# BiteMe | Train

This notebook includes the most important part of the project - the modelling. The notebook tests methodologies for training, and in it the chosen algorithm is decided. Validation also occurs before final testing, which is conducted in the test notebook. This stage is highly iterative, so all model artefacts, logs and configurations are recorded and saved to disk automatically. This initial setup of what will eventually become MLOps for the final product will be really useful, and helps keep track of what is successful and what isn't.

Models to try:
 - resnet50v2
 - resnet101v2
 - resnet152v2
 - vgg19
 - densenet169
 - densenet121
 - densenet201
 - inceptionv3
 - inception_resnetv2
 - resnext50
 - resnext101
 - xception
 - efficientnet_b0
 - efficientnet_b1
 - efficientnet_b2
 - efficientnet_b3
 - efficientnet_b4
 - efficientnet_b5

Initial model work is done by using simple, typical image recognition models (CNN architectures) to see how effective these models can be for the problem.
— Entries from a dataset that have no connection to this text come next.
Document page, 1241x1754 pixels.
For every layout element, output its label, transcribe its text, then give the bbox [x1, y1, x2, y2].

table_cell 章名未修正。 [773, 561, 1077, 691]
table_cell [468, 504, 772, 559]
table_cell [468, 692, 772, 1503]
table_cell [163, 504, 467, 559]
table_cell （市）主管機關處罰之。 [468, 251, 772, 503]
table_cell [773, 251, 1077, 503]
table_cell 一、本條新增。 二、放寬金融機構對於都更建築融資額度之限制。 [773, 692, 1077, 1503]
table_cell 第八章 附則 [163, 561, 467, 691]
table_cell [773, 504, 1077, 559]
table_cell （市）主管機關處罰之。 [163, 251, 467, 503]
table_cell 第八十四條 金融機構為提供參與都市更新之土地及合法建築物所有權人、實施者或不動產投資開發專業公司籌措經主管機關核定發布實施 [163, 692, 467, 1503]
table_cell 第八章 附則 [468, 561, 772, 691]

Although I don't 


In [None]:
# Basic imports
import pandas as pd
import numpy as np
import os
import sys

# Data visualisation
import matplotlib.pyplot as plt
%matplotlib inline
import seaborn

# Modelling imports
from sklearn.model_selection import StratifiedKFold
from sklearn.metrics import accuracy_score

# Image processing
import cv2
import albumentations as A
import imgaug as ia
import imgaug.augmenters as iaa

import torch

# Local imports
sys.path.append("..")
from helpers import read_images, augs, get_augs
from constants import *

plt.rcParams["figure.figsize"] = (14, 8)

np.random.seed(SEED)
ia.seed(SEED)

In [None]:
# Define directories
base_dir_path = "../"

data_dir_path = os.path.join(base_dir_path, "data")
data_preprocessed_dir_path = os.path.join(data_dir_path, "preprocessed")
data_preprocessed_train_dir_path = os.path.join(data_dir_path, "preprocessed/train")
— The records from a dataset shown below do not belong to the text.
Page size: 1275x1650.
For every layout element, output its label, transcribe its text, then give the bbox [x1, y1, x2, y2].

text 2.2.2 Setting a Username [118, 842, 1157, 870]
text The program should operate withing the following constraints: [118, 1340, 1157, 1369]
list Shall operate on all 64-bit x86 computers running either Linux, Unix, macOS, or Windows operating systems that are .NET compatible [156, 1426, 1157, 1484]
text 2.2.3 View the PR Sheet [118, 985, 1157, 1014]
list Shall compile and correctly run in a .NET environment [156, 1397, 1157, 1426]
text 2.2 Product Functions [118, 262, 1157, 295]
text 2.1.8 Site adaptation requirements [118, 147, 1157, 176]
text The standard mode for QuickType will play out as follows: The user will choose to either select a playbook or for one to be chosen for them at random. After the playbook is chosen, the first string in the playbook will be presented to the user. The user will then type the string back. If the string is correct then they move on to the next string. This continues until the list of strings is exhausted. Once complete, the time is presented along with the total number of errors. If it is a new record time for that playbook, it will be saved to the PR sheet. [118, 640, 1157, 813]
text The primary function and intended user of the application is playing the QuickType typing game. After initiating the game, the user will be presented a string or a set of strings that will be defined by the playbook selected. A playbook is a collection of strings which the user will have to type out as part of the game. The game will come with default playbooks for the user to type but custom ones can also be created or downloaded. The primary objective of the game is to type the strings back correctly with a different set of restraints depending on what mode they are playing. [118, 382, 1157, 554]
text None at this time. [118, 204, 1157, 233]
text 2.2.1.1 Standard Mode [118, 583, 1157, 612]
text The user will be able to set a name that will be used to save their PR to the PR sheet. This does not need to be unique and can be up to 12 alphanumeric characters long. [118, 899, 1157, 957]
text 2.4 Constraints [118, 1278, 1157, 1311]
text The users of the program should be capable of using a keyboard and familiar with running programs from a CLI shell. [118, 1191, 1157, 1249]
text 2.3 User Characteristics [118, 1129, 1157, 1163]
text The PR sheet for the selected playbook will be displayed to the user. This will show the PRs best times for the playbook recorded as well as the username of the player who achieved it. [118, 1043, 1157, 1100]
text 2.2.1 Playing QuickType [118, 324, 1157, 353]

data_dir = os.listdir(data_dir_path)
data_preprocessed_dir = os.listdir(data_preprocessed_dir_path)
data_preprocessed_train_dir = os.listdir(data_preprocessed_train_dir_path)

metadata_preprocessed_path = os.path.join(data_preprocessed_dir_path, "metadata.csv")
metadata = pd.read_csv(metadata_preprocessed_path)
# Subset to train only
metadata = metadata.loc[metadata.split == "train"]

metadata.head()

In [None]:
# Read in train images
X_train = read_images(
    data_dir_path=data_preprocessed_train_dir_path, 
    rows=ROWS, 
    cols=COLS, 
    channels=CHANNELS, 
    write_images=False, 
    output_data_dir_path=None,
    verbose=VERBOSE
)

# Get labels
y_train = np.array(metadata["label"])

## Set Parameters

In [None]:
# Choose augmentations to use in preprocessing
# For full list see helpers.py
augs_to_select = [
    "Fliplr", 
    "Flipud", 
    "Cutout"
]
# Subset augs based on those selected
augs = dict((aug_name, augs[aug_name]) for aug_name in augs_to_select)
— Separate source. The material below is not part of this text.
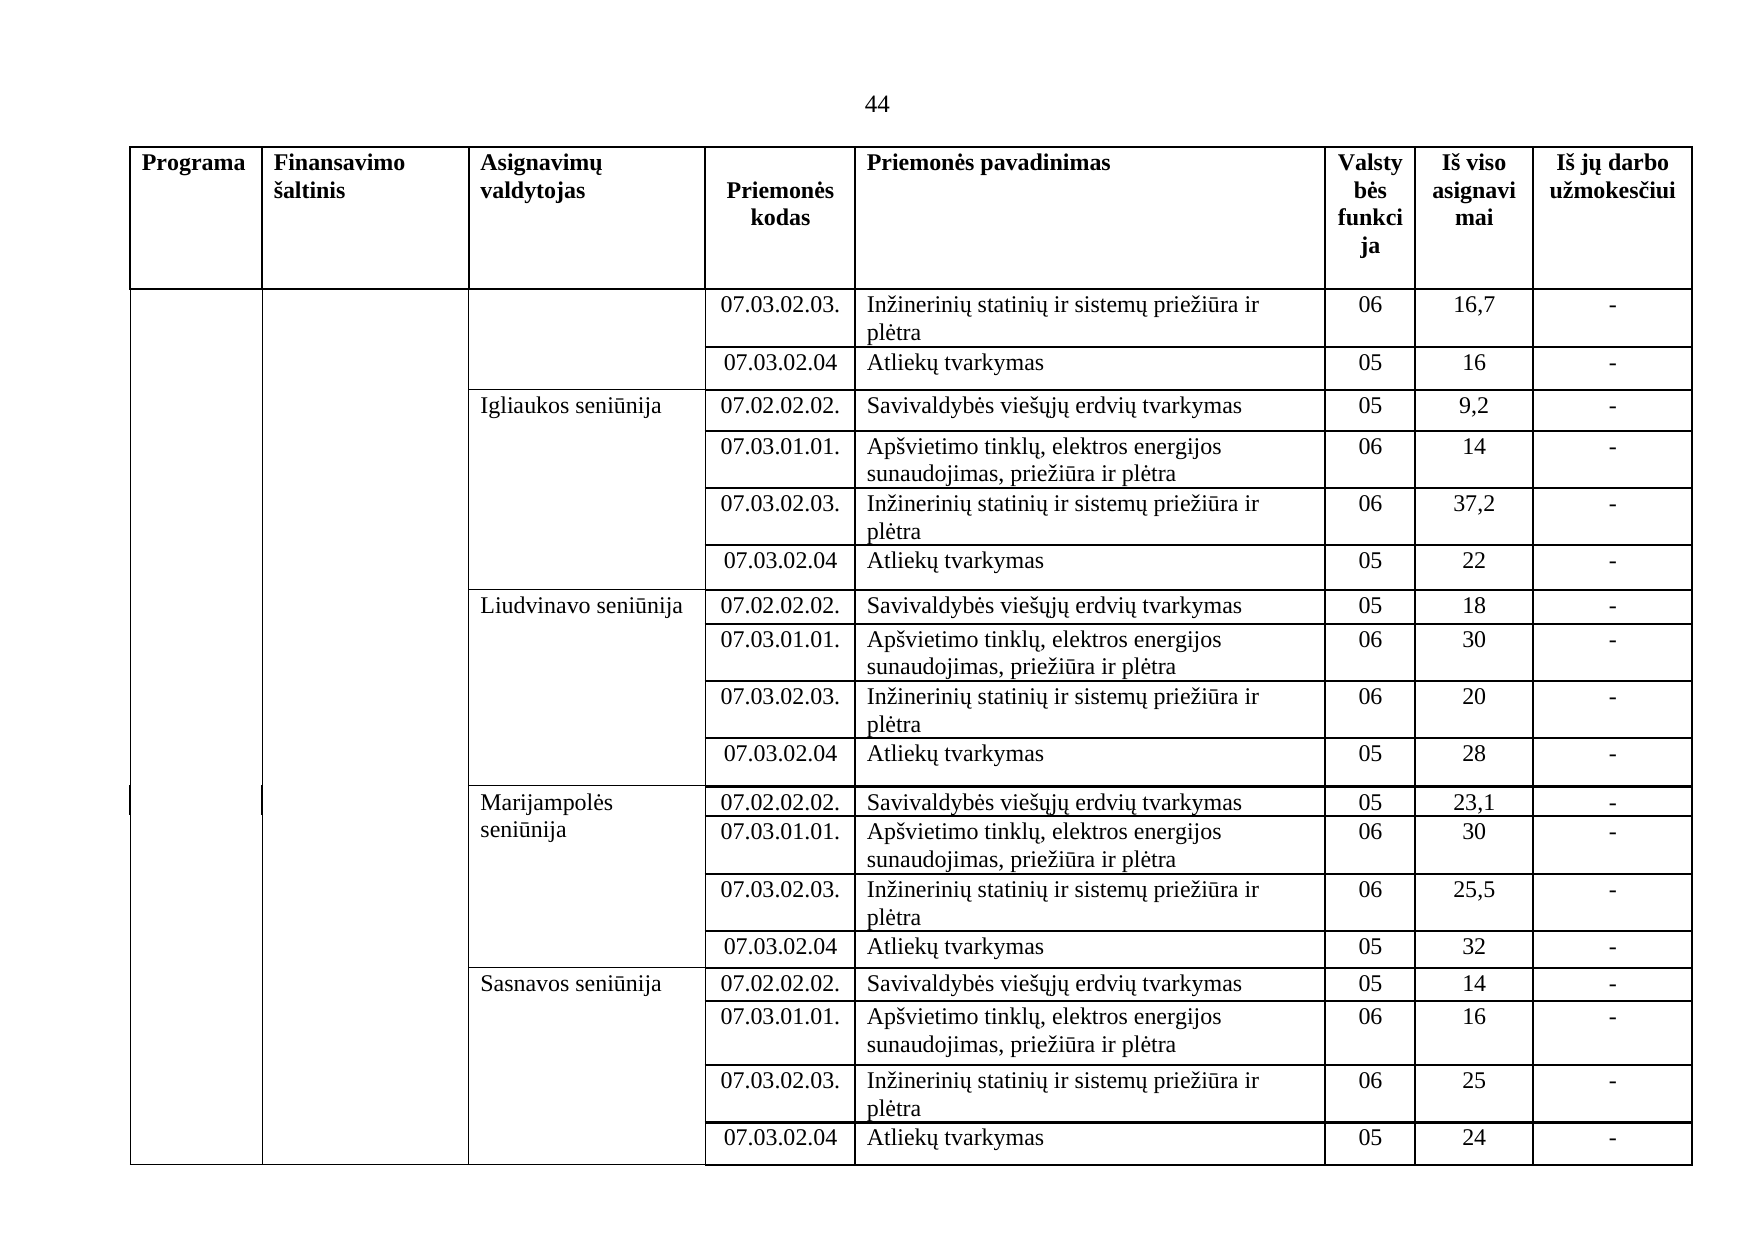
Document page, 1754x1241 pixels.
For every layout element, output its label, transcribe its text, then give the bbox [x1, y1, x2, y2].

# Modelling constants - add this to constants.py when needed
MODEL_NAME = "resnet50v2"
EPOCHS = 6



# Create dictionary of configurations used in modelling
# this will be updated as modelling progresses if necessary, for logging
conf = {
    "device": "cuda" if torch.cuda.device_count() > 0 else "cpu",
    "device_name": torch.cuda.get_device_name(0),
    "n_workers": torch.cuda.device_count(),
    "rows": ROWS,
    "cols": COLS,
    "channels": CHANNELS,
    "seed": SEED,
    "num_classes": list(metadata["label"].unique()),
    "classes": np.unique(y_train, return_counts=True)[0],
    "class_counts": np.unique(y_train, return_counts=True)[1],
    "test_size": TEST_SIZE,
    "num_train_sample": y_train.shape[0],
    "val_size": 0.15,
    "num_augs": len(augs),
    "augs": augs,
    "model_name": MODEL_NAME,
    "batch_size": 16,
    "epochs": EPOCHS,
    "lr": 1e-5,
    "optimizer": "AdamW",
    "n_splits": N_SPLITS
}

In [None]:
import torch
torch.cuda.get_device_name(0)

In [None]:
torch.version.cuda

In [None]:
torch.cuda.device_count()

In [None]:
torch.cuda.is_available()

In [None]:
# Split cross validation idx
# Subset images and labels for cross validation
# Create image augmentations and additional labels
# Read in pretrained weights
# Any additional layers
# Create model instance
# Create error metric
# Run training
# Make val predictions
# Val error metric
# Create directory for instance
# Save model
# Save log and config 
# Append train/val errors to csv

In [None]:
skf = StratifiedKFold(n_splits=3)
for train_index, test_index in skf.split(metadata.index, metadata["label"]):
    print(train_index)
    print("-"*40)

In [1]:
# import the necessary packages
from collections import OrderedDict
import torch.nn as nn
from torch.optim import SGD
from sklearn.model_selection import train_test_split
from sklearn.datasets import make_blobs
import torch



In [14]:
%%time
def get_training_model(inFeatures=4, hiddenDim=8, nbClasses=3):
    # construct a shallow, sequential neural network
    mlpModel = nn.Sequential(OrderedDict([
        ("hidden_layer_1", nn.Linear(inFeatures, hiddenDim)),
        ("activation_1", nn.ReLU()),
        ("output_layer", nn.Linear(hiddenDim, nbClasses))
    ]))
    # return the sequential model
    return mlpModel

def next_batch(inputs, targets, batchSize):
    # loop over the dataset
    for i in range(0, inputs.shape[0], batchSize):
        # yield a tuple of the current batched data and labels
        yield (inputs[i:i + batchSize], targets[i:i + batchSize])
        
# specify our batch size, number of epochs, and learning rate
BATCH_SIZE = 64
EPOCHS = 10
LR = 1e-2
# determine the device we will be using for training
DEVICE = "cuda" if torch.cuda.is_available() else "cpu"
print("[INFO] training using {}...".format(DEVICE))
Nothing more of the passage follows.